# Looking to outsource all my production - DTG and ScreenPrinting



## Llanlli (Mar 23, 2010)

Hello,

I'm currently own a small t-shirt business, but I want to expand and outsource all my production. I'm looking for a responsible company that I can build a relationship with.

I'm looking for both DTG and Screen Printing. If you know any good company out there or this is you, reach out to me.

Thanks!

Edit:

I'm based in Puerto Rico. I want to focus right now on dark and light color t-shirts: cotton, polyester or blends. I don't have an exact number of how many shirts it'll be printing. In order to establish a quantity I would need to know the price it'll be getting to be able to find a good profit margin for both.


----------



## into the T (Aug 22, 2015)

location, garments and numbers needed might help


----------



## Llanlli (Mar 23, 2010)

into the T said:


> location, garments and numbers needed might help




I'm based in Puerto Rico.

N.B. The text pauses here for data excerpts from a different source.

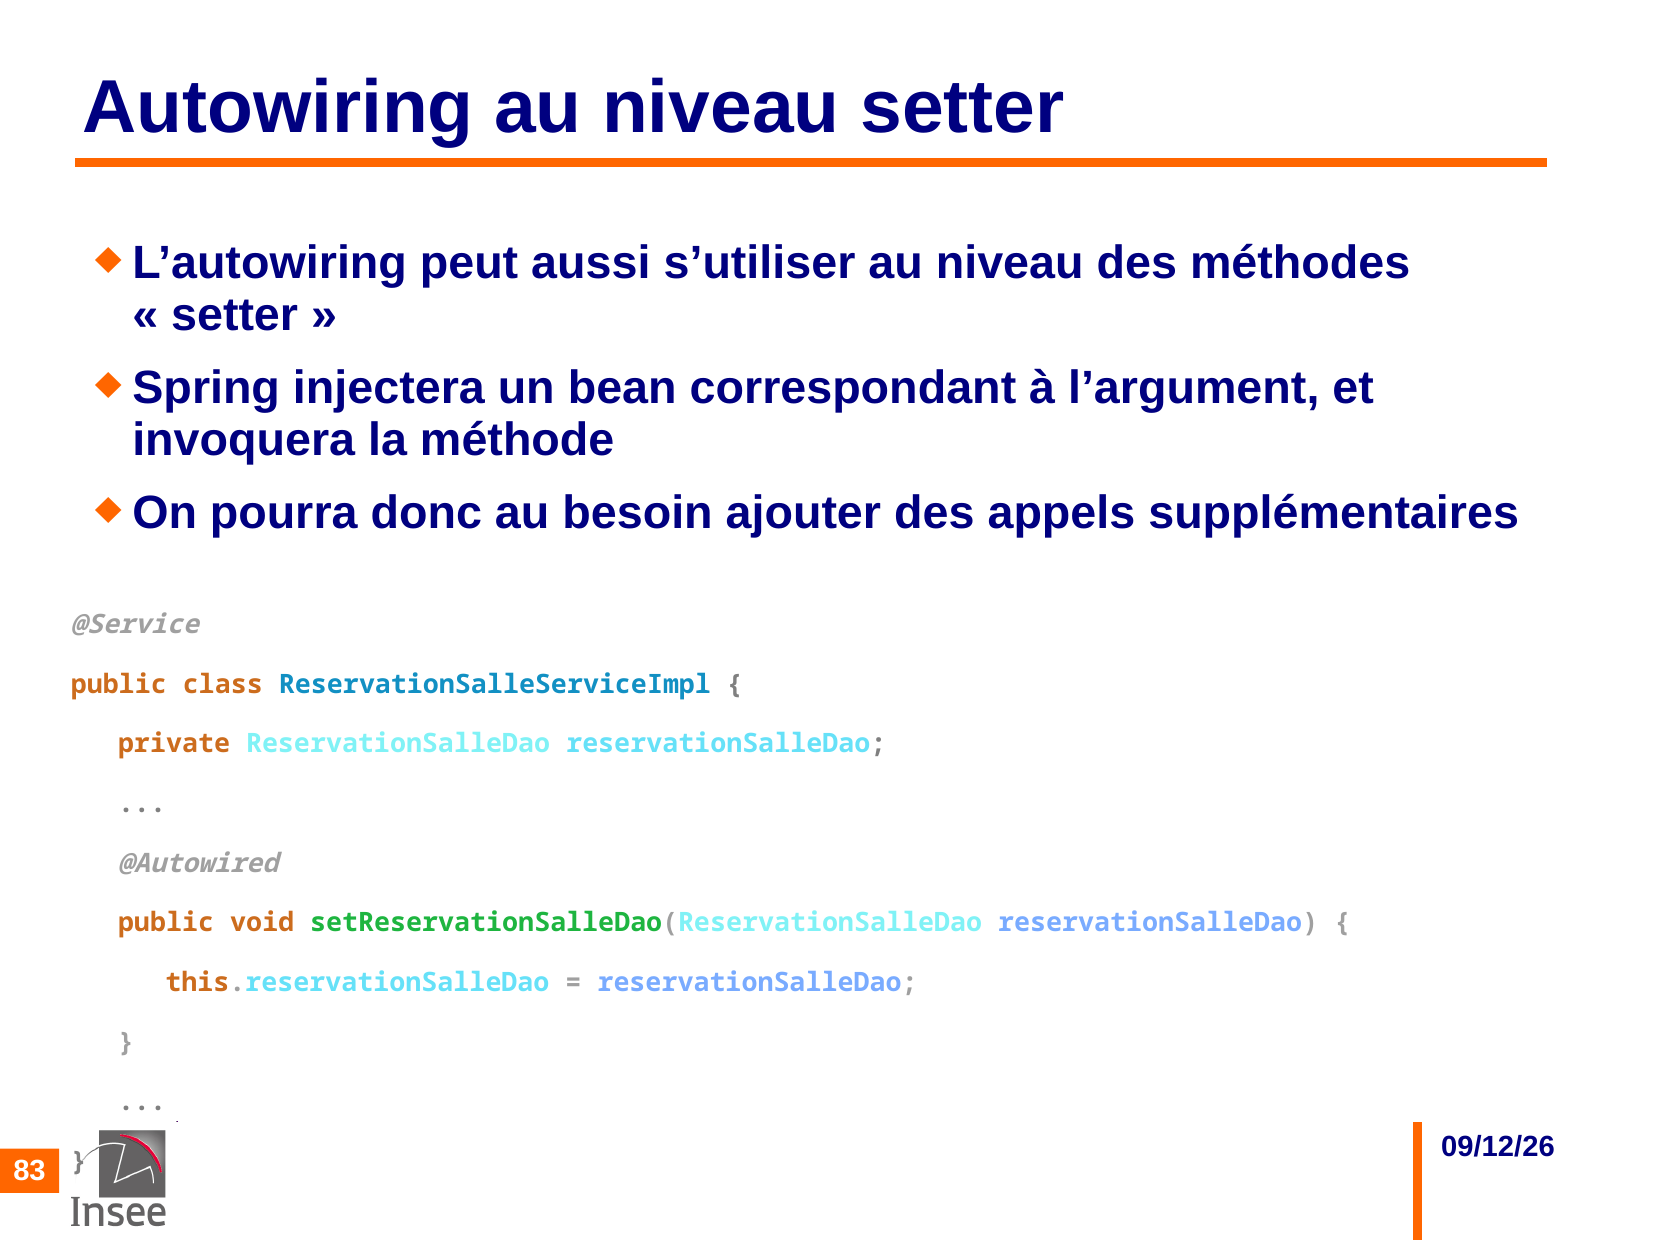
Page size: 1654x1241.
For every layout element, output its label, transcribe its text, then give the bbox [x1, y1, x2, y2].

list L’autowiring peut aussi s’utiliser au niveau des méthodes « setter » Spring injectera un bean correspondant à l’argument, et invoquera la méthode On pourra donc au besoin ajouter des appels supplémentaires [82, 236, 1548, 579]
list @Service public class ReservationSalleServiceImpl { private ReservationSalleDao reservationSalleDao; ... @Autowired public void setReservationSalleDao(ReservationSalleDao reservationSalleDao) { this.reservationSalleDao = reservationSalleDao; } ... } [70, 602, 1536, 1182]
picture [62, 1121, 178, 1241]
title Autowiring au niveau setter [82, 49, 1619, 163]
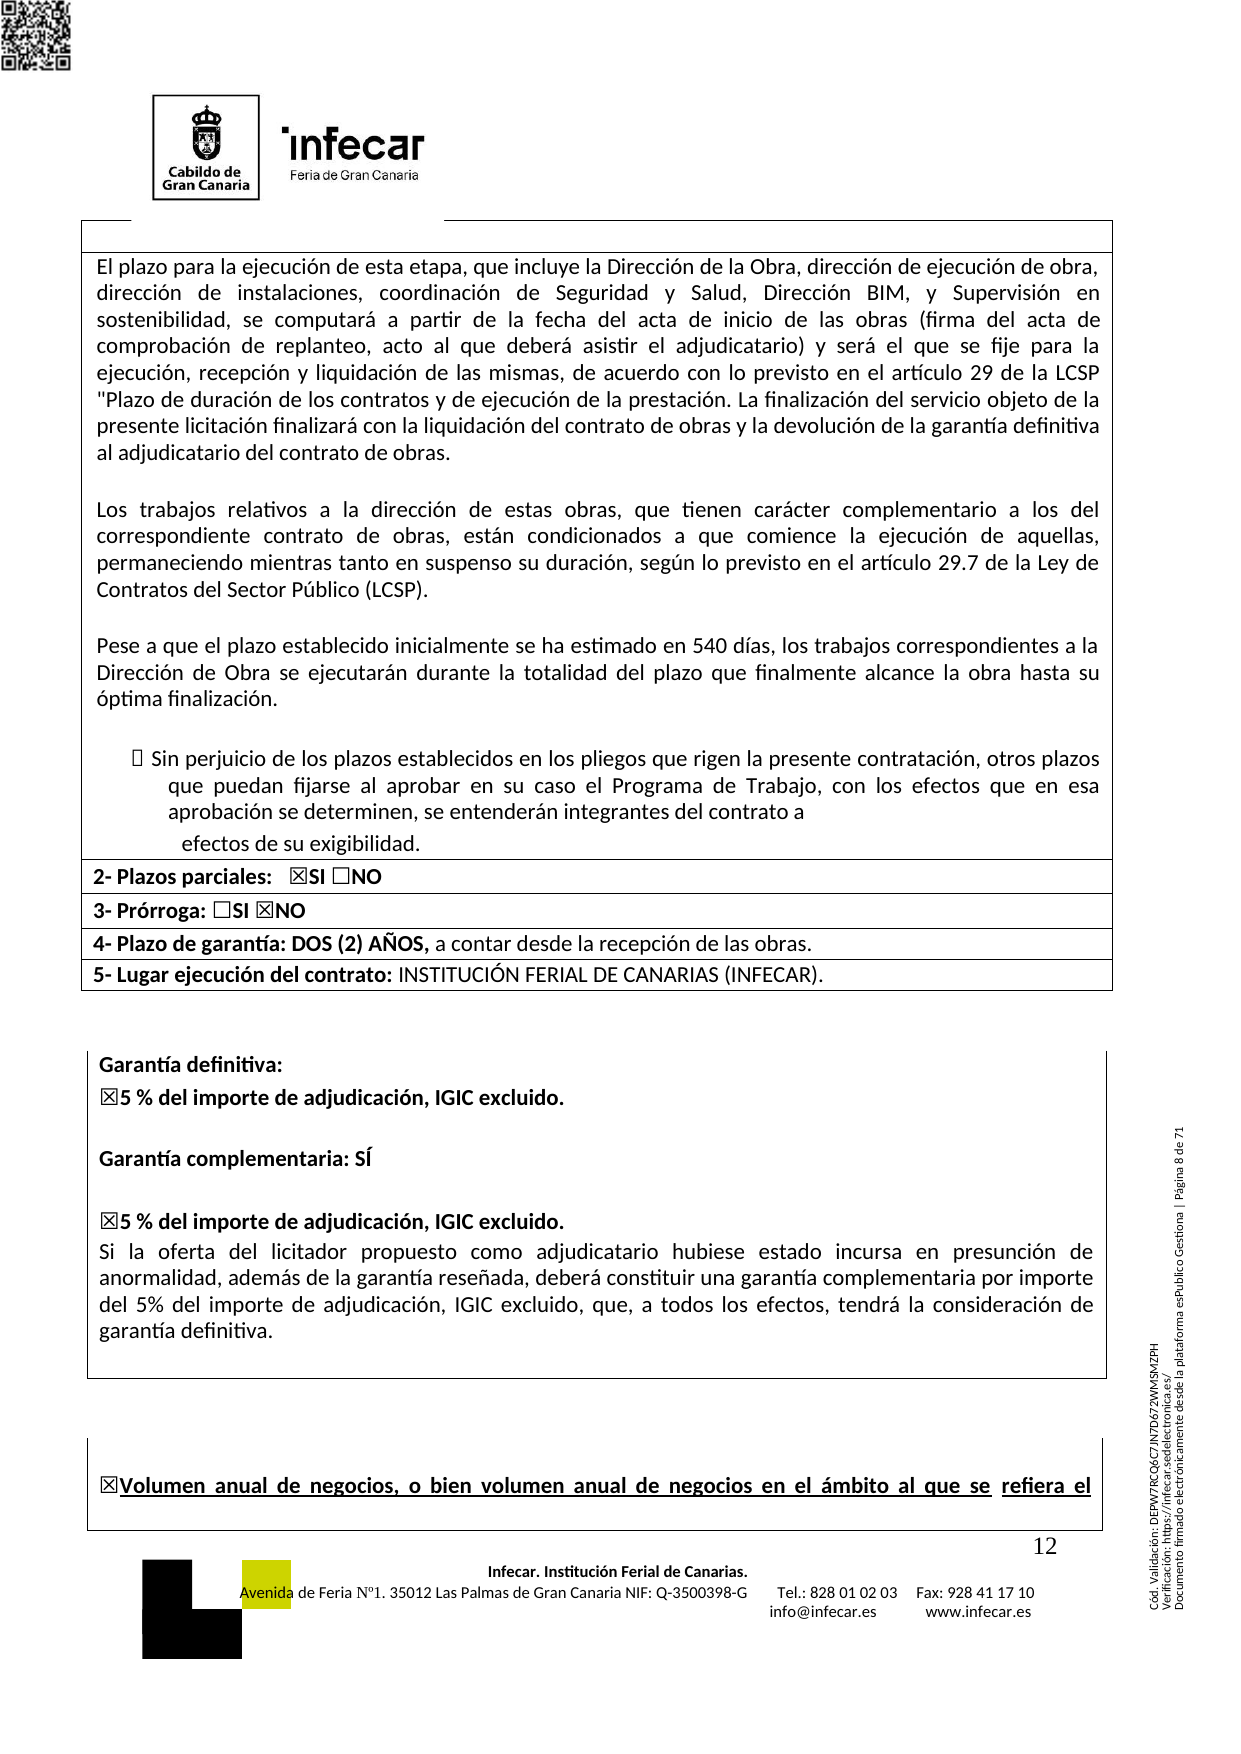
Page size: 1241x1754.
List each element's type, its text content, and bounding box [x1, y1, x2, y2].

table_header E. GARANTIAS [88, 1021, 1107, 1051]
table_header [1102, 1408, 1107, 1438]
table_cell 5- Lugar ejecución del contrato: INSTITUCIÓN FERIAL DE CANARIAS (INFECAR). [82, 960, 1112, 990]
table_header D. PLAZO DEL CONTRATO [82, 221, 1112, 252]
table_cell Garantía definitiva: ☒5 % del importe de adjudicación, IGIC excluido. Garantía complementaria: SÍ ☒5 % del importe de adjudicación, IGIC excluido. Si la oferta del licitador propuesto como adjudicatario hubiese estado incursa en presunción de anormalidad, además de la garantía reseñada, deberá constituir una garantía complementaria por importe del 5% del importe de adjudicación, IGIC excluido, que, a todos los efectos, tendrá la consideración de garantía definitiva. [88, 1051, 1106, 1377]
table_cell El plazo para la ejecución de esta etapa, que incluye la Dirección de la Obra, dirección de ejecución de obra, dirección de instalaciones, coordinación de Seguridad y Salud, Dirección BIM, y Supervisión en sostenibilidad, se computará a partir de la fecha del acta de inicio de las obras (firma del acta de comprobación de replanteo, acto al que deberá asistir el adjudicatario) y será el que se fije para la ejecución, recepción y liquidación de las mismas, de acuerdo con lo previsto en el artículo 29 de la LCSP "Plazo de duración de los contratos y de ejecución de la prestación. La finalización del servicio objeto de la presente licitación finalizará con la liquidación del contrato de obras y la devolución de la garantía definitiva al adjudicatario del contrato de obras. Los trabajos relativos a la dirección de estas obras, que tienen carácter complementario a los del correspondiente contrato de obras, están condicionados a que comience la ejecución de aquellas, permaneciendo mientras tanto en suspenso su duración, según lo previsto en el artículo 29.7 de la Ley de Contratos del Sector Público (LCSP). Pese a que el plazo establecido inicialmente se ha estimado en 540 días, los trabajos correspondientes a la Dirección de Obra se ejecutarán durante la totalidad del plazo que finalmente alcance la obra hasta su óptima finalización.  Sin perjuicio de los plazos establecidos en los pliegos que rigen la presente contratación, otros plazos que puedan fijarse al aprobar en su caso el Programa de Trabajo, con los efectos que en esa aprobación se determinen, se entenderán integrantes del contrato a efectos de su exigibilidad. [82, 253, 1112, 858]
table_cell ☒Volumen anual de negocios, o bien volumen anual de negocios en el ámbito al que se refiera el [88, 1438, 1102, 1530]
table_cell 3- Prórroga: ☐SI ☒NO [82, 894, 1112, 927]
table_header F. SOLVENCIA ECONÓMICA O FINANCIERA [88, 1408, 1102, 1438]
table_cell 4- Plazo de garantía: DOS (2) AÑOS, a contar desde la recepción de las obras. [82, 929, 1112, 959]
table_cell 2- Plazos parciales: ☒SI ☐NO [82, 860, 1112, 893]
table_cell [1103, 1438, 1107, 1530]

I want to focus right now on dark and light color t-shirts: cotton, polyester or blends. I don't have an exact number on how many shirts it'll be printing. In order to establish a quantity I would need to know the price it'll be getting to be able to find a good profit margin for both.


----------



## TeedUp (Apr 22, 2020)

Llanlli said:


> In order to establish a quantity I would need to know the price


And in order to establish a price, you're going to have to disclose a quantity (among other factors).


----------



## into the T (Aug 22, 2015)

TeedUp said:


> And in order to establish a price, you're going to have to disclose a quantity (among other factors).


yup, as quantity increases the price drops

without that number you will never have a good idea of cost


----------